Alternatives: safe substitutes require more than a nearest-neighbor lookup
This stage demonstrates hybrid retrieval (semantic + graph) and re-validation.
- FAISS semantic similarity proposes indication-aligned alternatives.
- Graph similarity (Neo4j neighborhood / GraphSAGE-style) captures structural equivalence beyond embeddings.
- Every candidate is re-run through the same DDI gate before recommendation.
Evidence grounding: citations, not vibes
This stage demonstrates RAG with quality control.
- Retrieves PubMed evidence and produces citation-backed claims.
- Summarizes into clinician-readable snippets (BART-style) and filters with a relevance scorer (SBERT-style).
- Outputs include citations + relevance scores for auditability.
Orchestration: making the pipeline explicit
This stage demonstrates agentic orchestration + observability.
- State-machine orchestration (LangGraph-like) makes transitions explicit and debuggable.
- Each agent has a single responsibility; routing logic is visible (not buried in prompts).
- Produces a traceable run timeline (stage outputs + confidence + safety flags).

The production piece that’s usually missing: ACP + MCP
A notebook can chain function calls.
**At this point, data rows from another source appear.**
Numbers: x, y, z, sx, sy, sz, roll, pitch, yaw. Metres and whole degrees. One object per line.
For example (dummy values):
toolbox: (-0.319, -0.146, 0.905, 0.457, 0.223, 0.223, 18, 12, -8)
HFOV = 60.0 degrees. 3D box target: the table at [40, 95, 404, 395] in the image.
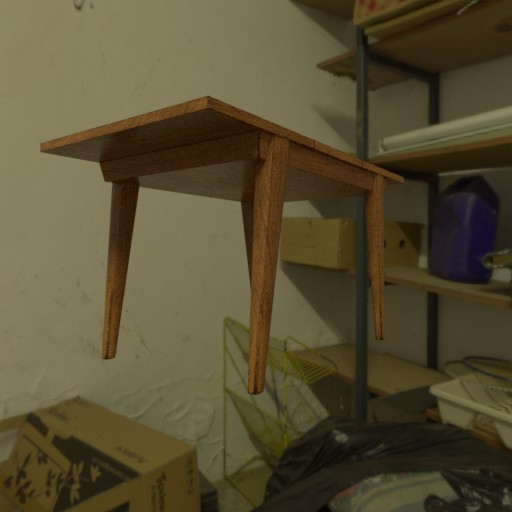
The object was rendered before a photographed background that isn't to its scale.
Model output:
table: (0.000, 0.000, 1.821, 0.757, 0.760, 1.400, 0, 1, 36)

A production swarm needs two explicit boundaries to make coordination and tool use reliable.
ACP (Agent Communication Protocol): tasks + state references
ACP is the messaging contract for orchestrator ↔ agents ↔ services coordination.
The key design choice: agents exchange references (S3 URIs), not bulky payloads.
AWS mapping (reference deployment):
- workflow + retries: AWS Step Functions
- task fan-out: Amazon EventBridge (or MSK if you need replay/streaming)
- agent workers: EKS/ECS services consuming tasks and emitting results
MCP Gateway: standardized tool calls (schema + policy + telemetry)
MCP is the boundary for agent → tool calls. Instead of every agent implementing its own integrations, all tool calls go through one gateway that enforces:
- schema validation (typed inputs/outputs)
- policy enforcement (PHI controls, tool allowlists, version pinning)
- telemetry (latency, errors, cost per tool) with trace propagation
In AWS terms, the MCP Gateway is a small EKS service (or ECS Fargate) that fronts tools like:
- SageMaker inference endpoints (vision/text)
- Neo4j DDI/KG queries
- vector retrieval
- PubMed retrieval + summarization
One-line boundary rule: ACP moves tasks/results between agents; MCP moves tool calls from agents to services.
The audit trail: turning “a pipeline” into “a system”
Every run produces structured artifacts that make the system testable and reviewable:
- scan results (PDF + vision)
- fusion decision + confidence
- treatment plan + prescription proposal
- DDI results + safety critic scores
- alternatives + evidence + citations
This is what lets you build evaluation harnesses, regression tests, and human review workflows.
What I’d do next (if this were going to production)
- containerize agents + MCP gateway; deploy to EKS with HPA
- add offline evaluation harness + golden clinical test suites per stage
- add drift and safety monitors (DDI distribution shifts, false positives)
- add a human-in-the-loop review queue for low-confidence cases
If you’re building safety-critical AI (healthcare, finance, industrial), the pattern is consistent: hybrid systems, explicit safety gates, and operational traceability. That’s the point of this project.